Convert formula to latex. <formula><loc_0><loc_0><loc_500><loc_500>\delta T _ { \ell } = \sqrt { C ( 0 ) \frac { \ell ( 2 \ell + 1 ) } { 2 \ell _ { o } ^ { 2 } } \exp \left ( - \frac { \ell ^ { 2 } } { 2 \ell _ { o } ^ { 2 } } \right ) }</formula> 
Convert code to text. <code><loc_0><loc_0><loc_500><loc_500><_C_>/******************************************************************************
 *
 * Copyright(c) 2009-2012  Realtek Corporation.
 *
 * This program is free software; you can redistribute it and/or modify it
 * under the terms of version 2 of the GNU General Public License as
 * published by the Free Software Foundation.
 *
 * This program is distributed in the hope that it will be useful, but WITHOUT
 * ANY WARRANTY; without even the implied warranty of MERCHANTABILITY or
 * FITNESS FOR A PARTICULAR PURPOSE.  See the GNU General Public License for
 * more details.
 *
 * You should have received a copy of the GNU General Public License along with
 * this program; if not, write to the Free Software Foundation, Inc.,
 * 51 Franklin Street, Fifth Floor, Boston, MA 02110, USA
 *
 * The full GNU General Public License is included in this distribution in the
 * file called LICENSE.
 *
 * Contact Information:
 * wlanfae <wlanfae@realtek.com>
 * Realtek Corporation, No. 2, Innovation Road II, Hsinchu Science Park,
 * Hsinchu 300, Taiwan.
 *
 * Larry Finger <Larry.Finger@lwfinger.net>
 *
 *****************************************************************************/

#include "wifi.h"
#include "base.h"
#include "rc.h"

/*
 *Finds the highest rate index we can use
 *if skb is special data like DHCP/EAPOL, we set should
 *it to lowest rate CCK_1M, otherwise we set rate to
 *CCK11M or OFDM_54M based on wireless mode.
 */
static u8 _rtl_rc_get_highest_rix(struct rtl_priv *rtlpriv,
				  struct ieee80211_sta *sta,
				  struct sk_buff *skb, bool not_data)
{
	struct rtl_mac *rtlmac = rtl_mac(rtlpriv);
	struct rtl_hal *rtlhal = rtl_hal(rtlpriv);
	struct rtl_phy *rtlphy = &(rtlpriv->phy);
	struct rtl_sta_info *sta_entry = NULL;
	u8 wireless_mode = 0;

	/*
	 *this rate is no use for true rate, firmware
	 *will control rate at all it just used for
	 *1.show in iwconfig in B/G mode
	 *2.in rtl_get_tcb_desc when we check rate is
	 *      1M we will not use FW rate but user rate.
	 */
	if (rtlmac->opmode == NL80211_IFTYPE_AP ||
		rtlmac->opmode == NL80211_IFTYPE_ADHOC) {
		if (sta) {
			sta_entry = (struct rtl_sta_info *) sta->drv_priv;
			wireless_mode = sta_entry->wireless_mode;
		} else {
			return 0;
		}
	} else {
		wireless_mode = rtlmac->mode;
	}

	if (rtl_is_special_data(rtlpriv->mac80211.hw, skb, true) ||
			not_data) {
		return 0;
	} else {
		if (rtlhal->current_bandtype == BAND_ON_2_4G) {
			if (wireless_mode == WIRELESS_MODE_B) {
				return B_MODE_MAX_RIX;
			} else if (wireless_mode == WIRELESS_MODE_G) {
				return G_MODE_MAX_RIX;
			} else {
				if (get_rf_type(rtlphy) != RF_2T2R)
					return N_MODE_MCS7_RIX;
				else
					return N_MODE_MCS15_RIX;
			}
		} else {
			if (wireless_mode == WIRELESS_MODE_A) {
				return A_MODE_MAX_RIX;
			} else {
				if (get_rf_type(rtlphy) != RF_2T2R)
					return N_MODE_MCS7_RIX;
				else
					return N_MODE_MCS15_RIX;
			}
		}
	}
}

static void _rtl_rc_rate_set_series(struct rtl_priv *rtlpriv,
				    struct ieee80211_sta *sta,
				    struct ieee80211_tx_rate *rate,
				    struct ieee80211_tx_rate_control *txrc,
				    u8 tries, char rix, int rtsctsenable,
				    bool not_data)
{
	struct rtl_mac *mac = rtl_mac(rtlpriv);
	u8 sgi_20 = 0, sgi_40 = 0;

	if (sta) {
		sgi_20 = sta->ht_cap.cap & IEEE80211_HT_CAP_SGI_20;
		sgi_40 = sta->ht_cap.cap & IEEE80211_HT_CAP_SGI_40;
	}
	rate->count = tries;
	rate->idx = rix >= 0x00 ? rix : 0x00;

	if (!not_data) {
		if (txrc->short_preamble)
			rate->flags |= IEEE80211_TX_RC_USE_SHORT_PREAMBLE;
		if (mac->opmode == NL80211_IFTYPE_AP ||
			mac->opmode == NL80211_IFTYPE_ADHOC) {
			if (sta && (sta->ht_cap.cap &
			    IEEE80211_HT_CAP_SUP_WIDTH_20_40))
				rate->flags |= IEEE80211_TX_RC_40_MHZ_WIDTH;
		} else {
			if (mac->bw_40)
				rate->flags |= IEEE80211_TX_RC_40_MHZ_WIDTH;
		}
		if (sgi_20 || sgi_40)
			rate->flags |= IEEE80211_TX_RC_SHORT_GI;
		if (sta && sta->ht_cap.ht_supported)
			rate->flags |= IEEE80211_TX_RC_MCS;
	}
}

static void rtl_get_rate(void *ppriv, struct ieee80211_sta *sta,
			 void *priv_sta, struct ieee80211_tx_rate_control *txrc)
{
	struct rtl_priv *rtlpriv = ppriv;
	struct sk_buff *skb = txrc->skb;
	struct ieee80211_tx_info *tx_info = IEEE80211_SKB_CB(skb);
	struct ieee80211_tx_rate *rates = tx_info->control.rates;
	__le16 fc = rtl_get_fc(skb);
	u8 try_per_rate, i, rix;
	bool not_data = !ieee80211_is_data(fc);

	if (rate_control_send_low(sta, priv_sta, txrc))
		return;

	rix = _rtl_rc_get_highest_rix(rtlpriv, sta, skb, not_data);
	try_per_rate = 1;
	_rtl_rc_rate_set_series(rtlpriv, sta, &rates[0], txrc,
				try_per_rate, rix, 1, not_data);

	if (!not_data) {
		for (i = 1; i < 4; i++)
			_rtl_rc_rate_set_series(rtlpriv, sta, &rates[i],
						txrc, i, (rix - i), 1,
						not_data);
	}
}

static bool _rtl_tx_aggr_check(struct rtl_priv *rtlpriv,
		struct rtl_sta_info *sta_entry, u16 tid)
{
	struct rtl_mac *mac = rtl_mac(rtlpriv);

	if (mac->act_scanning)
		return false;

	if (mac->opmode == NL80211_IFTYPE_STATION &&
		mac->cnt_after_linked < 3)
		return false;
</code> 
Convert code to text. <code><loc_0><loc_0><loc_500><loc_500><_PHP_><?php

**Task requirements**. List the lines of the records where "rates" occurs.

**Answer box**.
	struct ieee80211_tx_rate *rates = tx_info->control.rates;
	_rtl_rc_rate_set_series(rtlpriv, sta, &rates[0], txrc,
			_rtl_rc_rate_set_series(rtlpriv, sta, &rates[i],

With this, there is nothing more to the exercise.